From Michel Dekking, Apr 24 2018: (Start)

Usually an integer sequence is called 'fractal' if it has the self-generating properties of a morphic sequence, i.e., the letter to letter projection of a fixed point of a morphism. Indeed, take the alphabet {1,2,...,8} and the morphism eta defined by

eta: 1->5, 2->7, 3->8, 4->6, 5->53, 6->71, 7->82, 8->64.

Then eta has fixed point

x = (5,3,8,6,4,7,1,6,8,2,5,71,6,4,7,5,3,...).

Let pi be the projection morphism

pi(1)=1, pi(2)=0, pi(3)=1, pi(4)=0, pi(5)=1, pi(6)=0, pi(7)=1, pi(8)=0.

Then pi(x) = (a(n)).

To prove this, one may use my paper "Iteration of maps by an automaton".

The two maps are phi_a and phi_b defined by

phi_a(0) = 1, phi_a(1) = 0, phi_b(0) = 0, phi_b(1) = 1.

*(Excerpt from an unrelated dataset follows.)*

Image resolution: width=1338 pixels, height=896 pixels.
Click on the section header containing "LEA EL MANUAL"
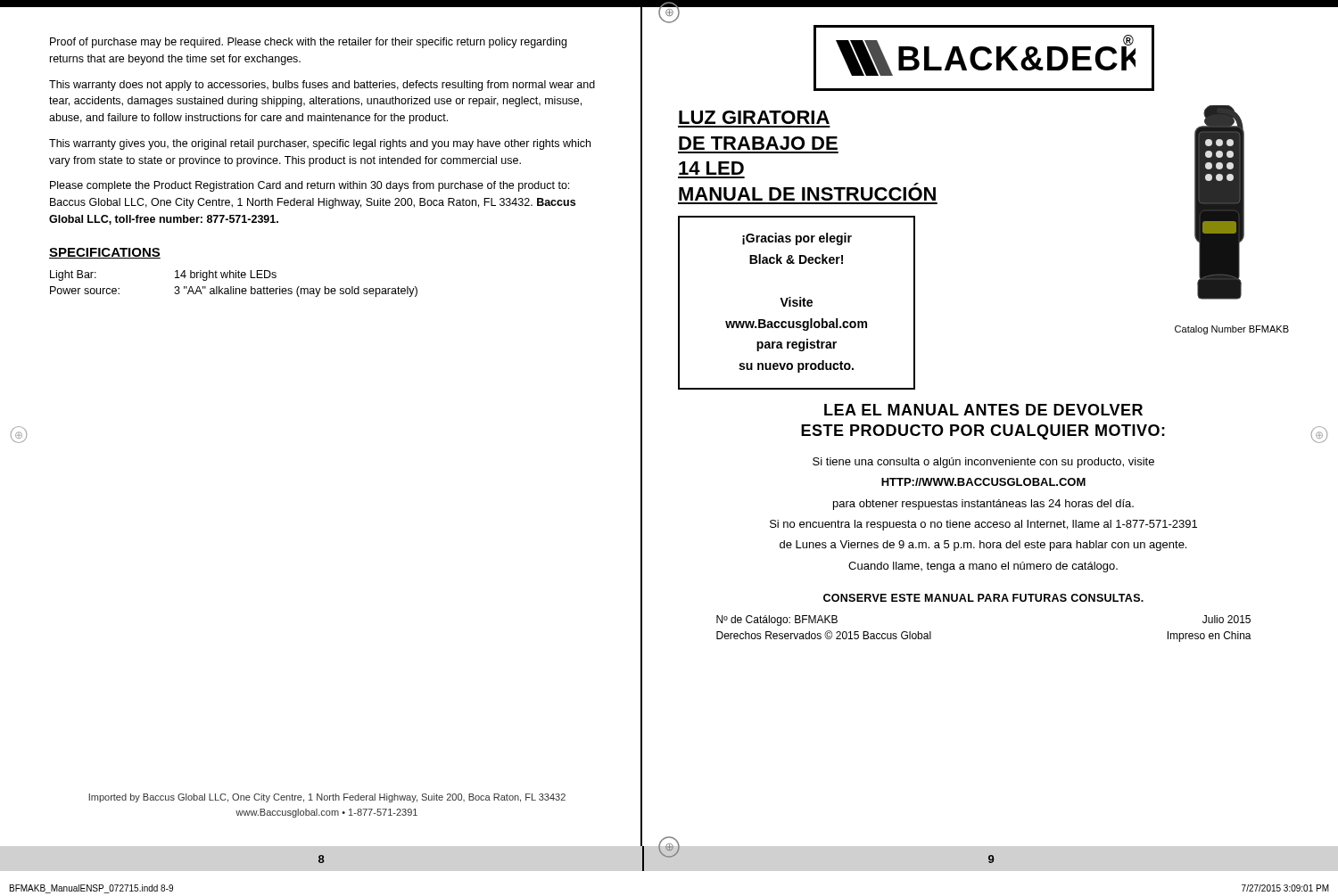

The substitution is the Fibonacci substitution sigma given by

sigma(a) = b, sigma(b) = ba.

Since the first differences of the lower Wythoff sequence are given by the Fibonacci substitution 1->2, 2-> 21, it follows from replacing 1 with a and 2 with b that (a(n)) is generated by iterating the two maps phi_a and phi_b according to the fixed point babba...of sigma. The two maps phi_a and phi_b are commuting bijections on {a,b}, exactly as in the Example on page 85 of "Iteration of maps by an automaton". It follows as in that example that (a(n)) is generated by the projection of a fixed point of a substitution on an alphabet of 8 letters, and a simple computation as on that page yields the morphism eta. (End)